Problem statement
Show the lines of the material that contain the word "start".

Material supplied

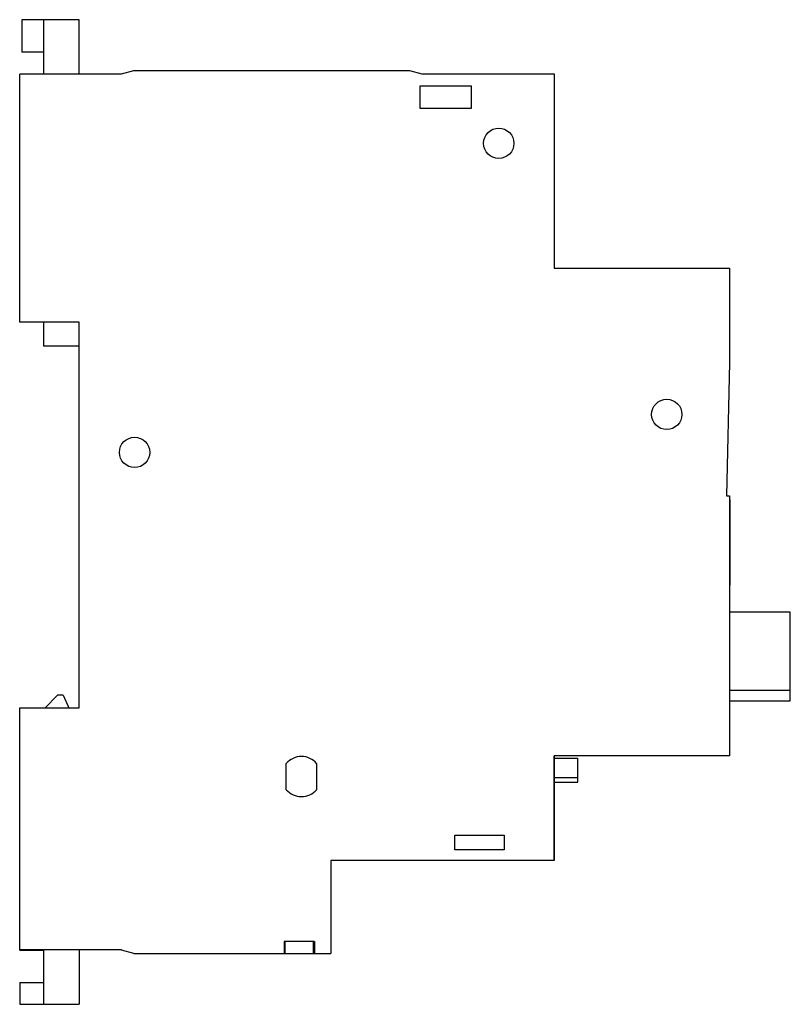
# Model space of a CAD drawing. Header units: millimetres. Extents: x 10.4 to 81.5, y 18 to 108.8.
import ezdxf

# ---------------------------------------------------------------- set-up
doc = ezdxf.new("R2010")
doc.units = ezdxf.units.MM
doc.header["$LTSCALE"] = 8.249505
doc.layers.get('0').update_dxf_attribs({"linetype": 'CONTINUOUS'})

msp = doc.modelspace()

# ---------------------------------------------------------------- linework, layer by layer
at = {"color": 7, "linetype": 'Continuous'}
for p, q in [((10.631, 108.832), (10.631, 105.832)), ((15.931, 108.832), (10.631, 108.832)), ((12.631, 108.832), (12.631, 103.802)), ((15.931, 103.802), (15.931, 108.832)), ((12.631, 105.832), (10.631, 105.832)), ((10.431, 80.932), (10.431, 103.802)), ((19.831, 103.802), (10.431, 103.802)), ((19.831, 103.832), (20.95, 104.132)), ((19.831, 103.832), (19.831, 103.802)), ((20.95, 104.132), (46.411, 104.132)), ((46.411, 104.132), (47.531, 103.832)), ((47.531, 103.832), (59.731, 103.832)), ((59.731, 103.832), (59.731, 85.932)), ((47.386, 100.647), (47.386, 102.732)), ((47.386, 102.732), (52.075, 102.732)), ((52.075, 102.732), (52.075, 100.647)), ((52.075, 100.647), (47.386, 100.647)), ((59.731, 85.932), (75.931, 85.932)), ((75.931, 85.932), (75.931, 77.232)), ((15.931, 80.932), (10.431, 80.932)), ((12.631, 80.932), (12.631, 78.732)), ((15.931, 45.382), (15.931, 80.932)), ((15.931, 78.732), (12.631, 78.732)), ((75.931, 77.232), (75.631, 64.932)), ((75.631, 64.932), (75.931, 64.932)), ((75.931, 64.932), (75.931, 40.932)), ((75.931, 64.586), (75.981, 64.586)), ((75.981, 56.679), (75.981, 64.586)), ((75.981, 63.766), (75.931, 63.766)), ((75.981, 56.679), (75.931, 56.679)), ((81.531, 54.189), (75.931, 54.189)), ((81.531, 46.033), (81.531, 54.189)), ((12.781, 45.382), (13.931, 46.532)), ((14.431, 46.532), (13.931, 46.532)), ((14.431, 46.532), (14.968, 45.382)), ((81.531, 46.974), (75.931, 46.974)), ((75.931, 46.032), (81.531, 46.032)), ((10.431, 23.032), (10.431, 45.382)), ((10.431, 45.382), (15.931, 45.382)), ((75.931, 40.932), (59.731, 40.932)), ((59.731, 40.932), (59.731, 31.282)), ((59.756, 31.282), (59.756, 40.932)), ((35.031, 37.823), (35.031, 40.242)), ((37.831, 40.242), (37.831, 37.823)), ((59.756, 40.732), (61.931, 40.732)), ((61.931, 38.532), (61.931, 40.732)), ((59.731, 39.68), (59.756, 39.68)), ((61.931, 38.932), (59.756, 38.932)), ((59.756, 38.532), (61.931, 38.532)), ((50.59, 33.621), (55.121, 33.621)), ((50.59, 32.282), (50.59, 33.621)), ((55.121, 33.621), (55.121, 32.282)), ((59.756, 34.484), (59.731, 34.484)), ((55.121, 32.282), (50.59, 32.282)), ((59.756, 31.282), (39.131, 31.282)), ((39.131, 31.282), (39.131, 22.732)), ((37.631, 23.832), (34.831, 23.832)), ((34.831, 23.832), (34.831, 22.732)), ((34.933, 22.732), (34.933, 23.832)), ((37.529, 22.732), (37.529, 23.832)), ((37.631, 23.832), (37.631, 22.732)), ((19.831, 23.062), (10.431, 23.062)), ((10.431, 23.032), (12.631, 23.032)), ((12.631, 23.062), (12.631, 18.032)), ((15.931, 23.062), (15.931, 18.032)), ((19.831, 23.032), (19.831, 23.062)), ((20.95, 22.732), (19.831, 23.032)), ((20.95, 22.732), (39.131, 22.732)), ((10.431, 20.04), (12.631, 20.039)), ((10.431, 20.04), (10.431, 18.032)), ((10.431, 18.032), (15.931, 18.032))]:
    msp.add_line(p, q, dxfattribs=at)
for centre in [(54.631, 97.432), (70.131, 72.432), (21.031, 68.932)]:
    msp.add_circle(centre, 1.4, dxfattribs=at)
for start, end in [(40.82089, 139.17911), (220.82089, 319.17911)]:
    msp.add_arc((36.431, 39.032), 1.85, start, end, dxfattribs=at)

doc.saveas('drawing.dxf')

Answer box
for start, end in [(40.82089, 139.17911), (220.82089, 319.17911)]:
    msp.add_arc((36.431, 39.032), 1.85, start, end, dxfattribs=at)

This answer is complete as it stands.